A screen blinked on, though the pilot had only flicked his brown-tunnel eyes toward it, not lifted so much as a finger. Parma was used to pilots, but there was something unusual about this one that had nothing to do with his qualifications, which were excellent, or his disagreements with Marada, which were inevitable.
When he realized that his meditation was transparent, that he had been staring into Spry’s eyes like a lover some few awkward seconds, he had to say something:
“If I have aged as rapidly as you on this trip, they are not going to recognize me.”
“Round ten . . . or is it eleven?” said Spry wearily. “Love me or leave me. Consul General, sir.”
“What is that supposed to mean?” Parma mumbled, stretching mightily, glad for any additional unencumbered moments between him and whatever awaited in the persons of those who had come out to meet him.
“It means, sir, that if you have some complaint as to my conduct, you may lodge it with my guildmaster.
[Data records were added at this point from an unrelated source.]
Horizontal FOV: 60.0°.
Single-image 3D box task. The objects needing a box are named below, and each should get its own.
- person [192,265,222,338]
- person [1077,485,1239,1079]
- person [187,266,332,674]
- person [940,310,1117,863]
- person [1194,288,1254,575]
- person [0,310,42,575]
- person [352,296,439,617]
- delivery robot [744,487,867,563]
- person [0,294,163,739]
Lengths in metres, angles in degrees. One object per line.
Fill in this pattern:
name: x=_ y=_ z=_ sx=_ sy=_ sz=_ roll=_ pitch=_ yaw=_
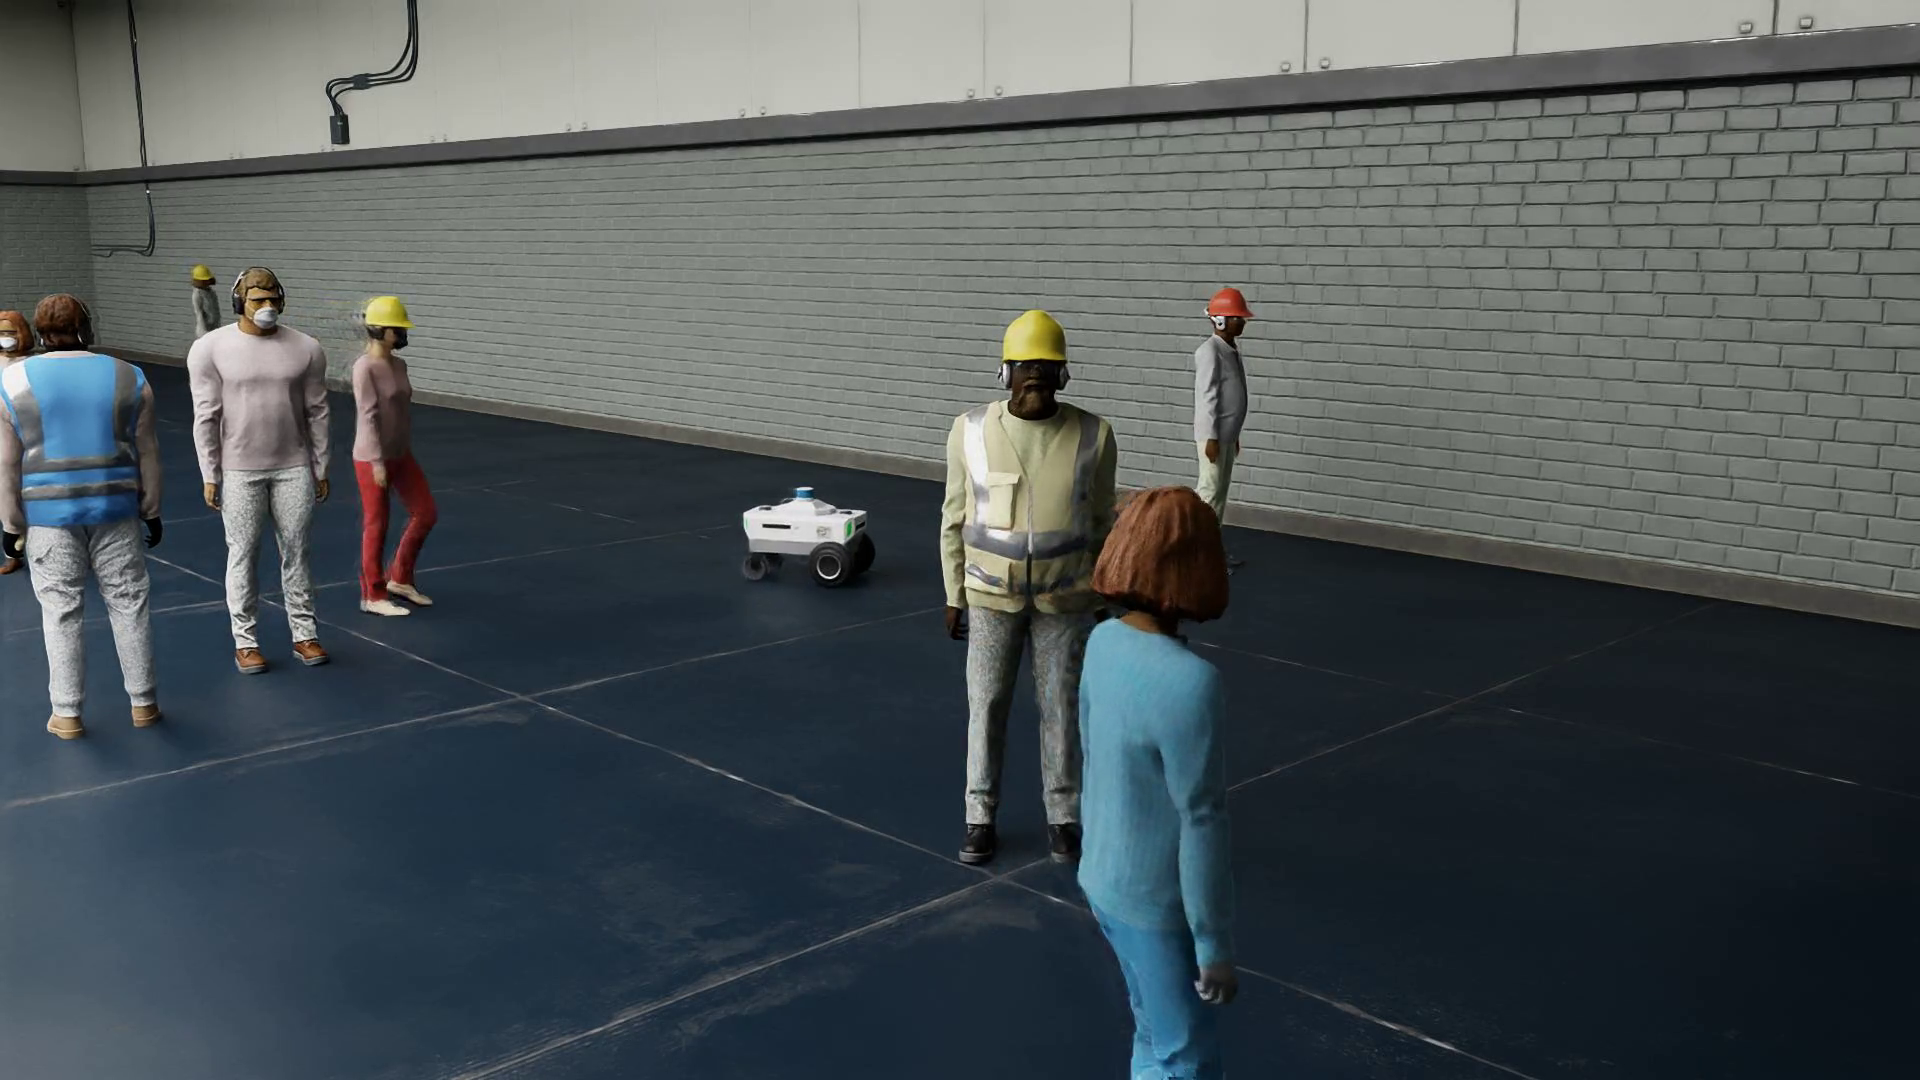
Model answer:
person: x=-9.460 y=-2.600 z=20.942 sx=0.448 sy=1.705 sz=0.530 roll=1 pitch=10 yaw=3
person: x=0.321 y=0.696 z=3.194 sx=0.573 sy=1.615 sz=0.514 roll=-3 pitch=11 yaw=-15
person: x=-3.316 y=-0.332 z=7.964 sx=0.625 sy=1.933 sz=0.375 roll=-8 pitch=13 yaw=-36
person: x=0.226 y=0.165 z=5.503 sx=0.586 sy=1.837 sz=0.403 roll=0 pitch=10 yaw=1
person: x=1.628 y=-0.672 z=10.288 sx=0.331 sy=1.753 sz=0.561 roll=5 pitch=11 yaw=24
person: x=-5.751 y=-0.592 z=10.212 sx=0.508 sy=1.627 sz=0.281 roll=-1 pitch=10 yaw=-6
person: x=-3.088 y=-0.441 z=9.025 sx=0.438 sy=1.750 sz=0.538 roll=2 pitch=11 yaw=12
delivery robot: x=-0.935 y=-0.074 z=10.038 sx=0.707 sy=0.478 sz=0.477 roll=3 pitch=10 yaw=14
person: x=-3.658 y=-0.097 z=6.931 sx=0.633 sy=1.837 sz=0.429 roll=-7 pitch=13 yaw=-35

I have had enough innuendo and inquisition to last me a lifetime.”
“Calm down, young man, or you’ll make me think you want me to abrogate your service contract. And I would hate to think that, almost as much as you would hate having your rating besmirched, should I be forced to such an uncomplimentary conclusion.”
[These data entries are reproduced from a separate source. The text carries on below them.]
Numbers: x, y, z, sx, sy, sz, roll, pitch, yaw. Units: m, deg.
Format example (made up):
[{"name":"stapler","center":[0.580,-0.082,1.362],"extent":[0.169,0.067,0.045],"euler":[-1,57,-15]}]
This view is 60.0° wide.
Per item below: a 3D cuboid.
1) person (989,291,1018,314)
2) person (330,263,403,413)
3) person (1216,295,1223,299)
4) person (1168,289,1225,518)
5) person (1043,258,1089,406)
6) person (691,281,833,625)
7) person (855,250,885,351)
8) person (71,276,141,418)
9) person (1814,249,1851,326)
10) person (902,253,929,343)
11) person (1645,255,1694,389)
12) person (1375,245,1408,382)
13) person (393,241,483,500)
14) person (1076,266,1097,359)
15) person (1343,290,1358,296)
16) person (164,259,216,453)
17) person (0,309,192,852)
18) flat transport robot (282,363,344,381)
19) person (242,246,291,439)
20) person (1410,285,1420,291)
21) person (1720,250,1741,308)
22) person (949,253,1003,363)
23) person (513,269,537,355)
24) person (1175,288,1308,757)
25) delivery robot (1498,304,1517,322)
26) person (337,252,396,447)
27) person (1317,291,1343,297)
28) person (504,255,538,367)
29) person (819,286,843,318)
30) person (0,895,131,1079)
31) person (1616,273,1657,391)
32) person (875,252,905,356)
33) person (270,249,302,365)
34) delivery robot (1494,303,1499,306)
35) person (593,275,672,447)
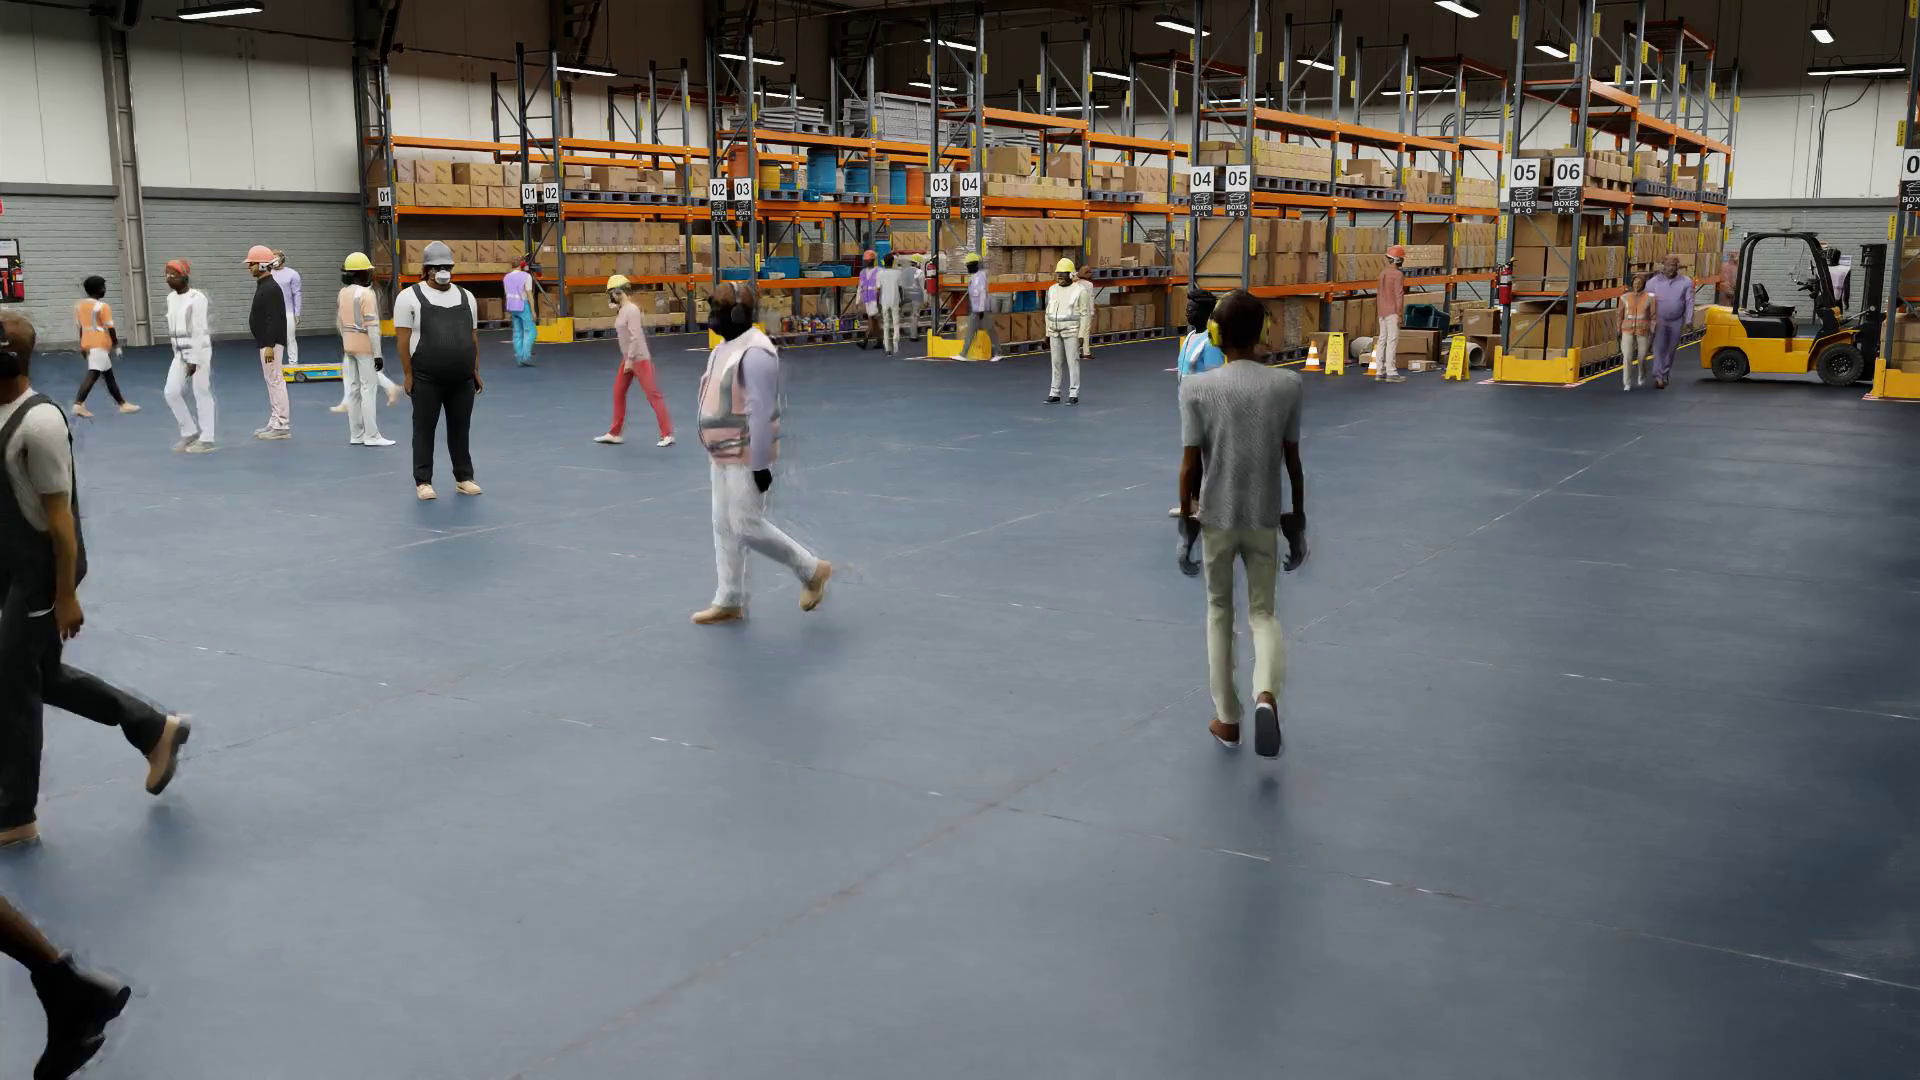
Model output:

David Spry shrugged, muttering: “Please, Br’er Fox, not the briar patch.”
Parma let it pass:
“Double the magnification, David. My eyes are not as good as once they were.” The view the screen purveyed seemed to zoom inward. Yes, the silver head was Guildmaster Baldwin’s; the ruddy lion’s mane showing above and slightly behind was Chaeron’s. A twist of black froth wound in pearls, barely visible among the sea of uniformed bodyguards, showed that Chaeron had brought a girl with him. The boy’s penchant for entourage would have to be curbed. Between the dozen black-and-reds around the consul’s party and the smoke-and-midnight representatives of the pilot’s guild, there was hardly enough room at slipside for him and Spry to debark. . . . “Thank you, you may put Bucephalus to bed now.”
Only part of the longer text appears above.